Minister’s Reflections November, 2009
We are great individually. And we are better together.
Thanksgiving and winter holy days seem to be an antidote to our common human practice of taking for granted the gifts of nature and of community. Year around gratitude and generosity may indeed be the essential practice of our Unitarian Universalist faith. Humble submission in Islam; obedient hospitality in Judaism; and loving discipleship in Christianity. This season of feasting and gifting, this season of family gatherings and community celebration reminds us of what we too often take for granted. We are great individually, and we are better together.
Socialism-bashing has been going around recently. How indeed are we better together than alone? Currency, rather than bartering, is a government service for the common good, as are banking regulations which guarantee capital funding of industry. Few could run a business from money kept under their mattress. Clean water, clean air, food quality would be spotty at best without our collective efforts. If we were each to have private sewage and water, private roads, fire and police protection, private legal recourse rather than laws and courts, it would be clear that we are better together. We take so much of our collective community services for granted.

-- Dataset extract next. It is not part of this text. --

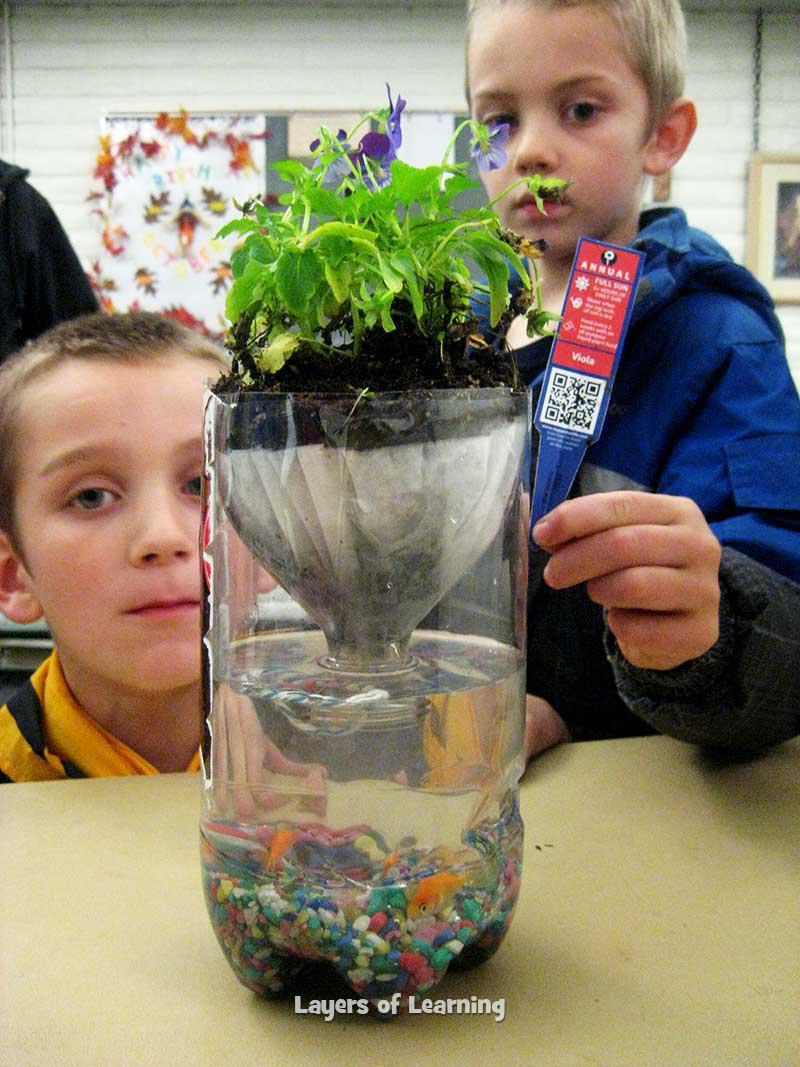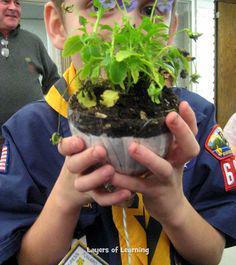The first image is the image on the left, the second image is the image on the right. Given the left and right images, does the statement "One person is holding a plant." hold true? Answer yes or no. Yes. The first image is the image on the left, the second image is the image on the right. For the images shown, is this caption "In one image a boy in a uniform is holding up a green plant in front of him with both hands." true? Answer yes or no. Yes. 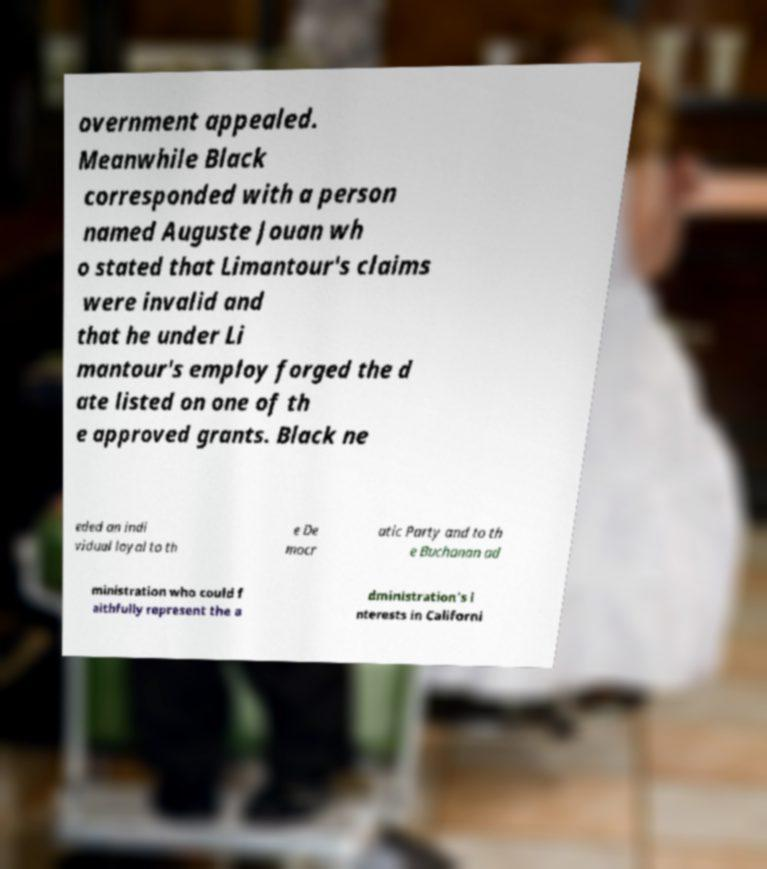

Despite our Unitarian and American forbear, Ralph Waldo Emerson’s celebration of self-reliance, his calling us back from human society to honor the wild and free, we are deeply communitarian. We are better together. We must not forget that our guts are a community of bacteria, our flesh and bone intimately dependent on plants and animals, soil, sun and water. Our language and DNA, no private creation. Our culture of self-reliance and private accumulation are the products of social movements, reactions to social circumstances. We are part of an interdependent web of all existence.
Winter holy days are the culture’s seasonal celebration of gratitude and generosity. As Unitarian Universalists, gratitude and generosity are our year-around religious practices.
We recognize inherent worth and dignity in every individual. And when we come together as a religious community we become more than private valuing persons. We become Unitarian Universalist communities of celebration and compassion, collective service and spiritual growth, communities of mutual trust and support. Something more than herding cats!
This holiday season may we celebrate greater gratitude and generosity for our global and intimate interconnections. Blessings!